## Description of the task:
Using the listing, copy each whole line that features "object".

## Supplied material:
• • •
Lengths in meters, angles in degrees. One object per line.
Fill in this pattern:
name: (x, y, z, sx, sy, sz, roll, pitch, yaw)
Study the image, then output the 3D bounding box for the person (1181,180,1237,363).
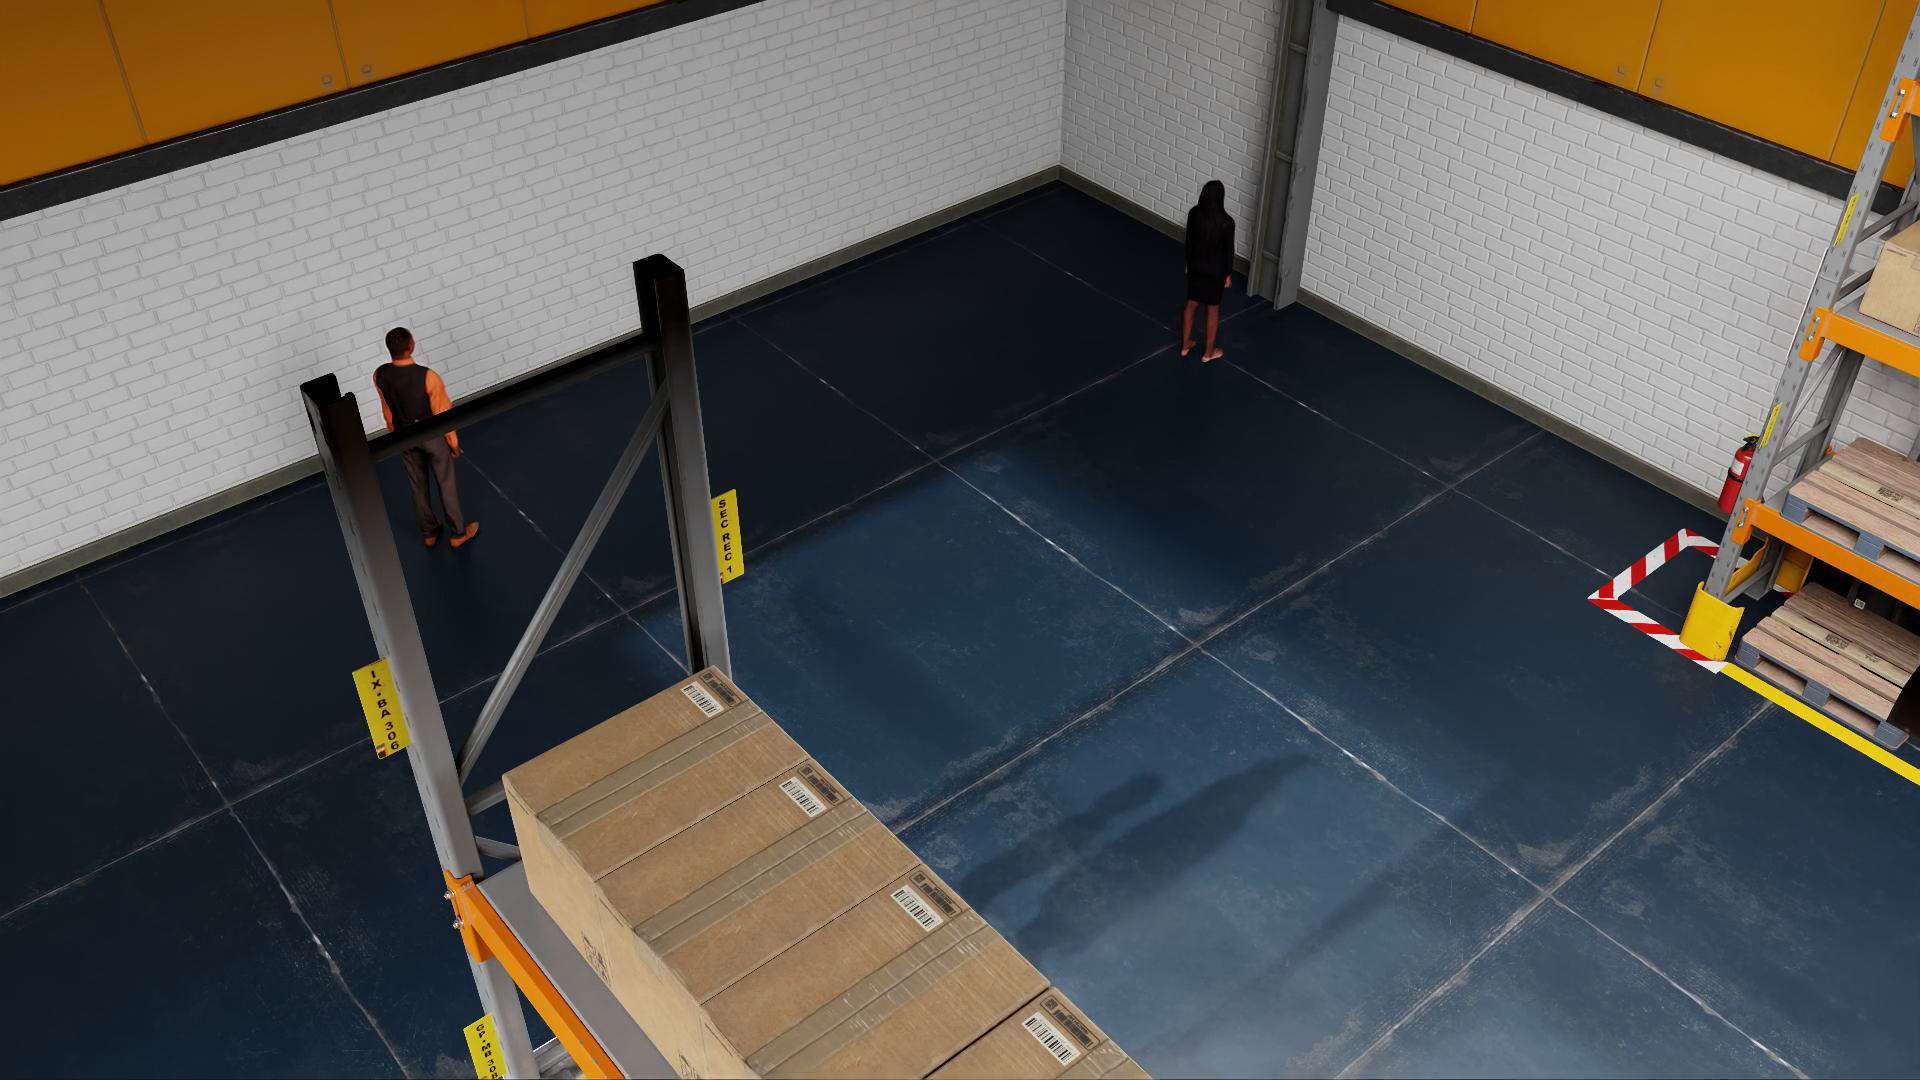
person: (2.181, -2.391, 14.699, 0.521, 1.720, 0.719, 24, 45, 27)

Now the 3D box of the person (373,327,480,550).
person: (-4.040, -0.757, 12.503, 0.776, 1.908, 0.845, 5, 39, 6)
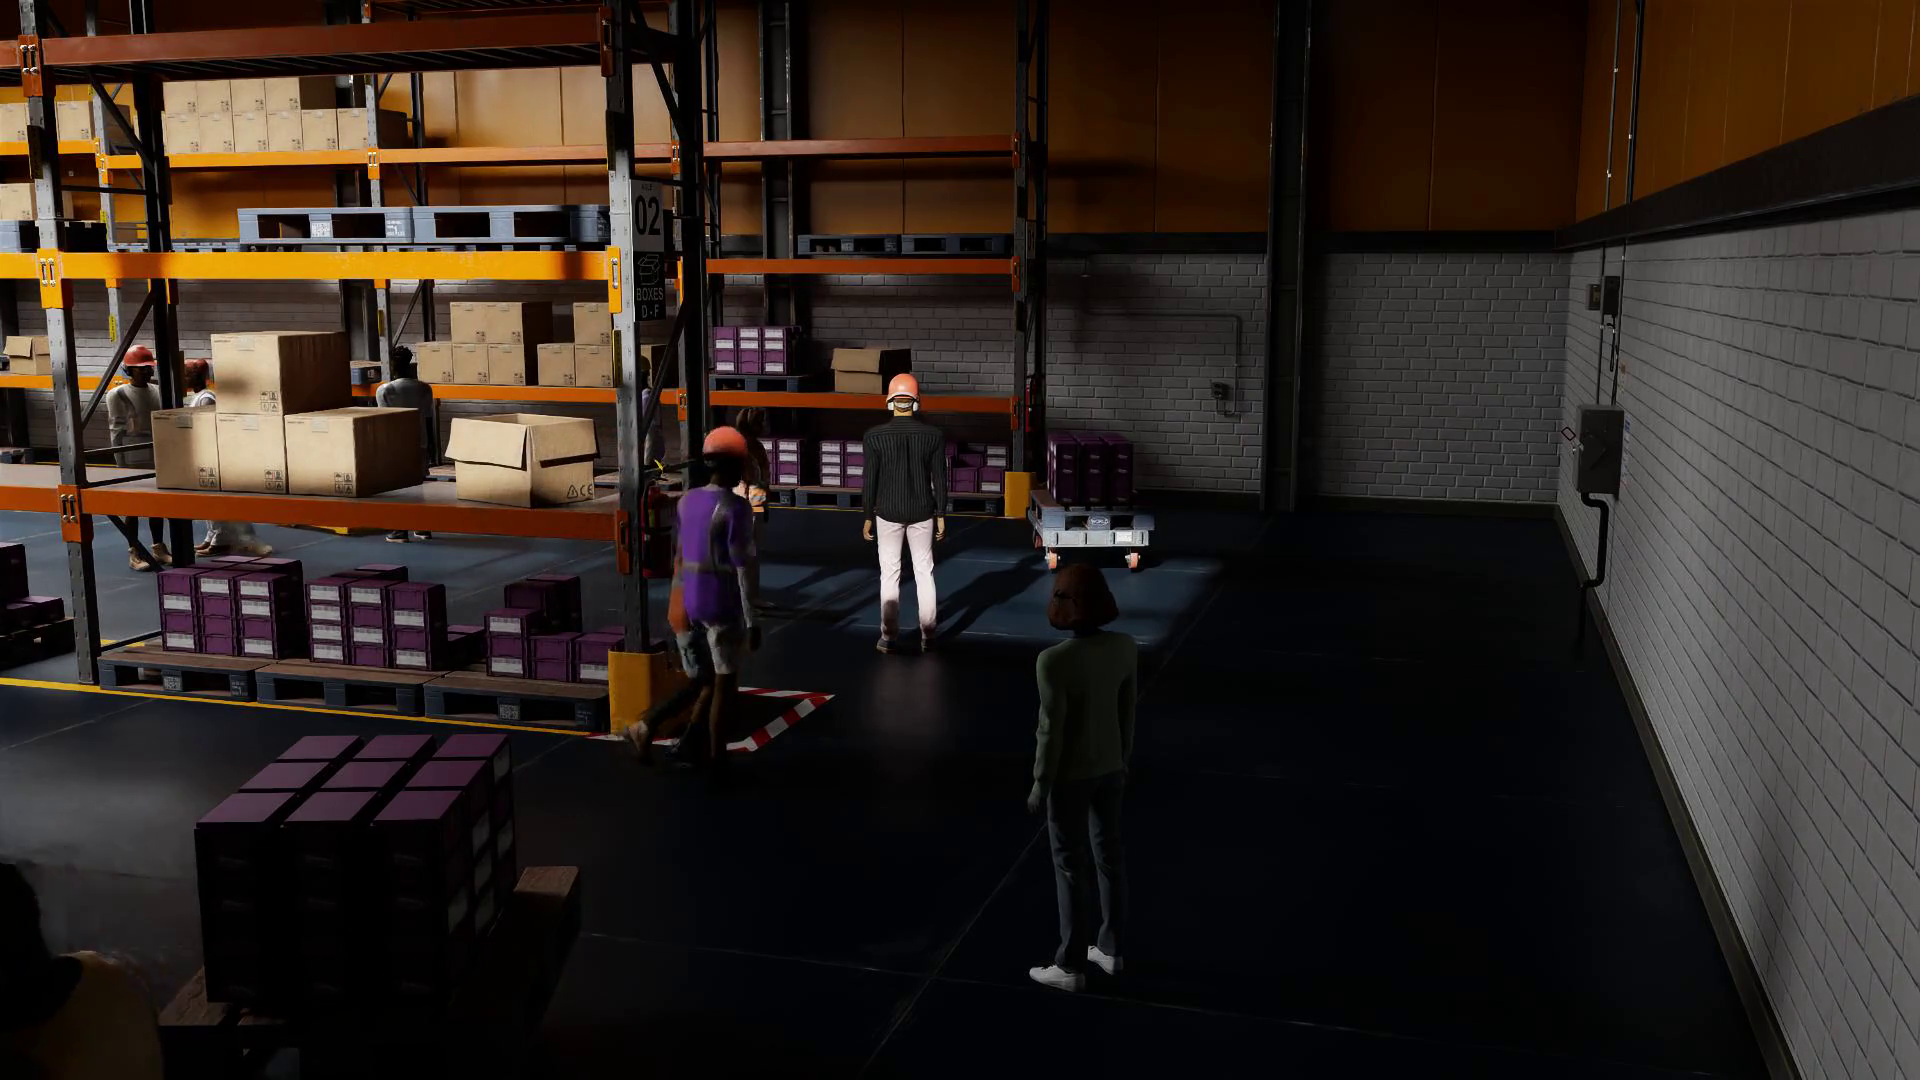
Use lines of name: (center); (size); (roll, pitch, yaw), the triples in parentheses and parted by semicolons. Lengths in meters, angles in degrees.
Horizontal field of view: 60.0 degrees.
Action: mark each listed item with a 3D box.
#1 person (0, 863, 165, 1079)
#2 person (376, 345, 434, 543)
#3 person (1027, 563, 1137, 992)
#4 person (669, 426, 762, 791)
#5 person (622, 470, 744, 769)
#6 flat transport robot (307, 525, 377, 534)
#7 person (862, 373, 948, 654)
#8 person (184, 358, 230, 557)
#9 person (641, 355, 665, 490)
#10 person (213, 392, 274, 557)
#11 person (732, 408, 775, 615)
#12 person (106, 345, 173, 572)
person: (-1.515, 1.388, 2.792); (0.434, 1.818, 0.653); (-2, 9, -11)
person: (-5.538, -0.956, 16.616); (0.362, 1.965, 0.612); (8, 12, 39)
person: (0.467, 0.897, 6.333); (0.507, 1.632, 0.278); (-8, 12, -40)
person: (-1.250, 0.363, 8.759); (0.488, 1.905, 0.645); (-9, 13, -42)
person: (-1.498, 0.447, 9.006); (0.551, 1.666, 0.549); (-1, 9, -5)
flat transport robot: (-6.591, -0.261, 17.533); (1.431, 0.197, 0.652); (7, 12, 36)
person: (-0.396, -0.185, 11.829); (0.616, 1.993, 0.395); (-1, 9, -9)
person: (-7.172, -0.780, 15.795); (0.341, 1.882, 0.587); (-6, 11, -31)
person: (-3.004, -0.808, 15.850); (0.383, 1.922, 0.587); (-2, 10, -12)
person: (-6.843, -0.753, 15.862); (0.791, 1.807, 0.652); (4, 10, 22)
person: (-1.662, -0.233, 13.203); (0.308, 1.641, 0.511); (2, 10, 11)
person: (-7.377, -0.743, 15.084); (0.377, 2.044, 0.608); (4, 10, 26)
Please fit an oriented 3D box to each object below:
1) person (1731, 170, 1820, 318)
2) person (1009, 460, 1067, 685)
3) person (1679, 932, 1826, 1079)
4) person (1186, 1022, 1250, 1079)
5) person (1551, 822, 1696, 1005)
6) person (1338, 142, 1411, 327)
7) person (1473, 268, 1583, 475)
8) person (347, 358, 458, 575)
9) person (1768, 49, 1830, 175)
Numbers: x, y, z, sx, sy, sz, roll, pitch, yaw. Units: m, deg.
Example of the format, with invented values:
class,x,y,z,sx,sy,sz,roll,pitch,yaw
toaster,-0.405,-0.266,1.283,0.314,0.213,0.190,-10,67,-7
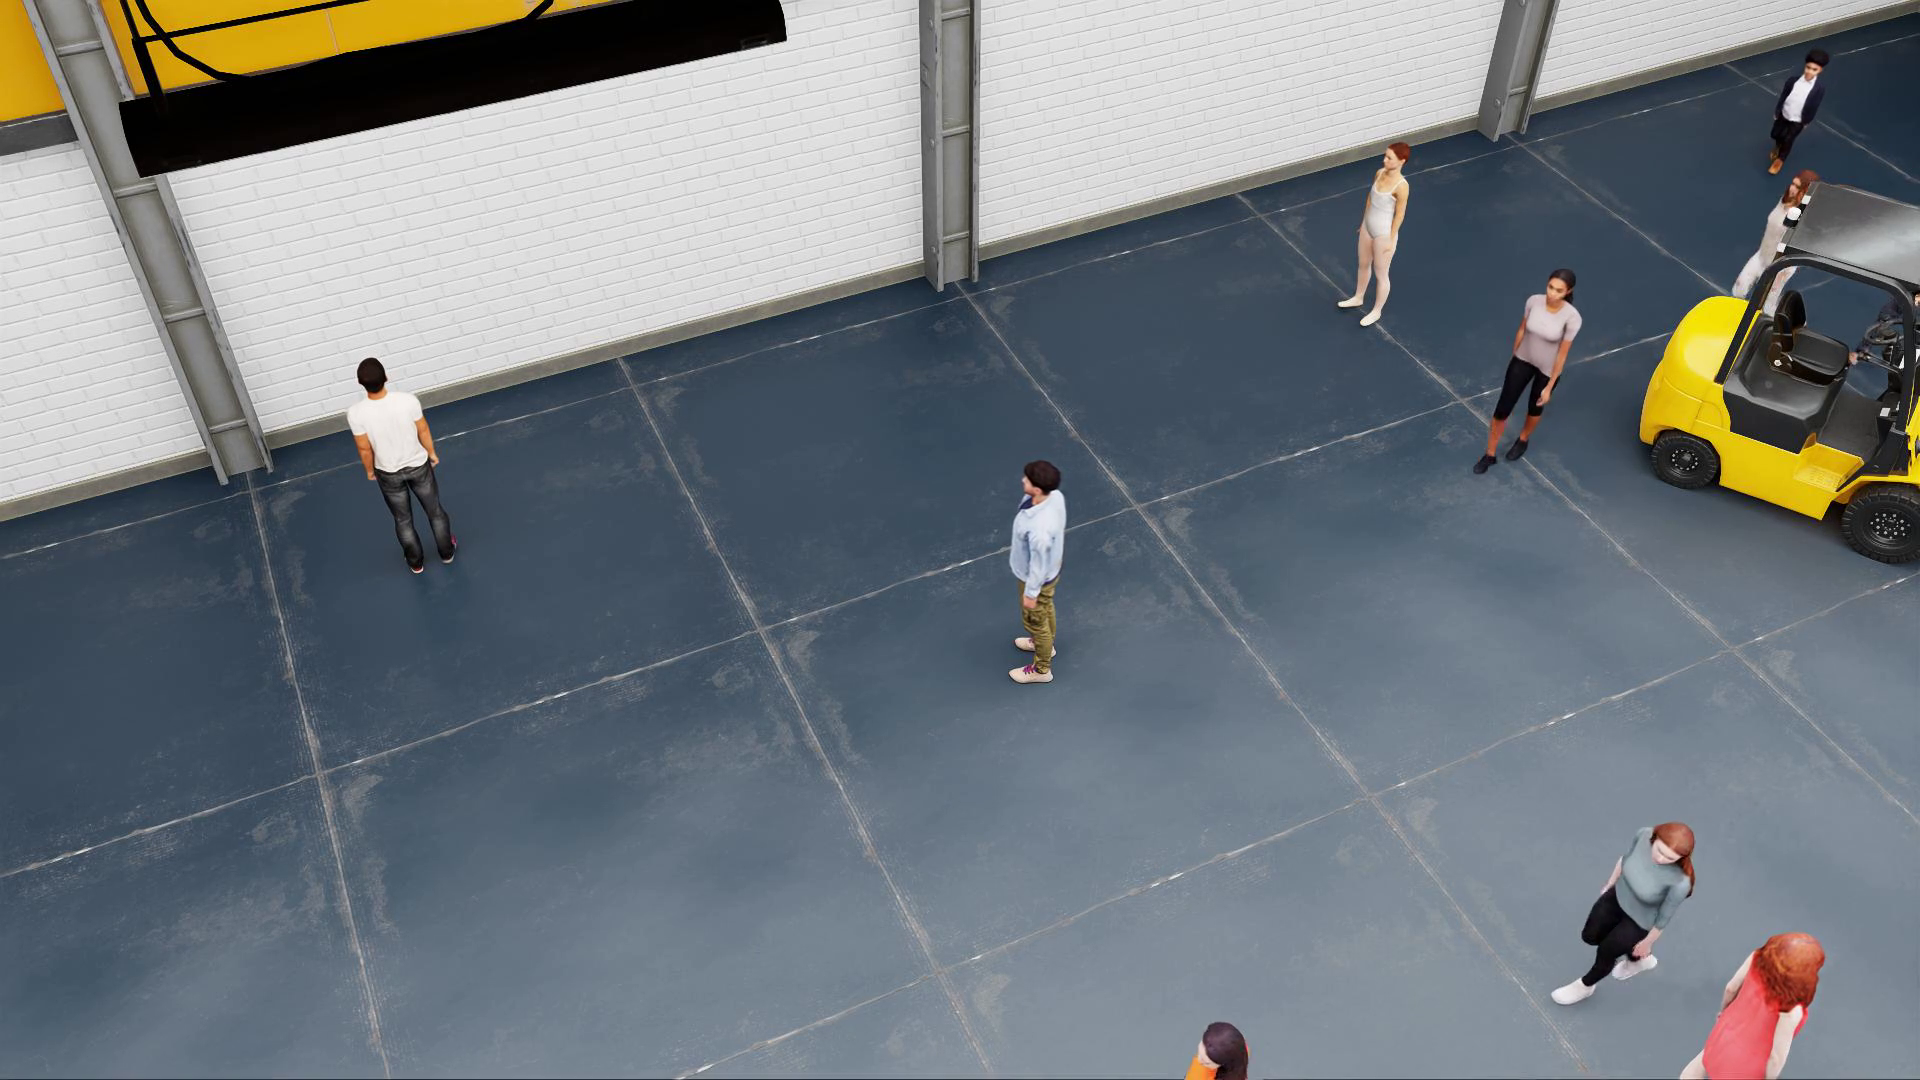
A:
• • •
## Task answer:
Lengths in meters, angles in degrees. One object per line.
Please fit an oriented 3D box to each object below:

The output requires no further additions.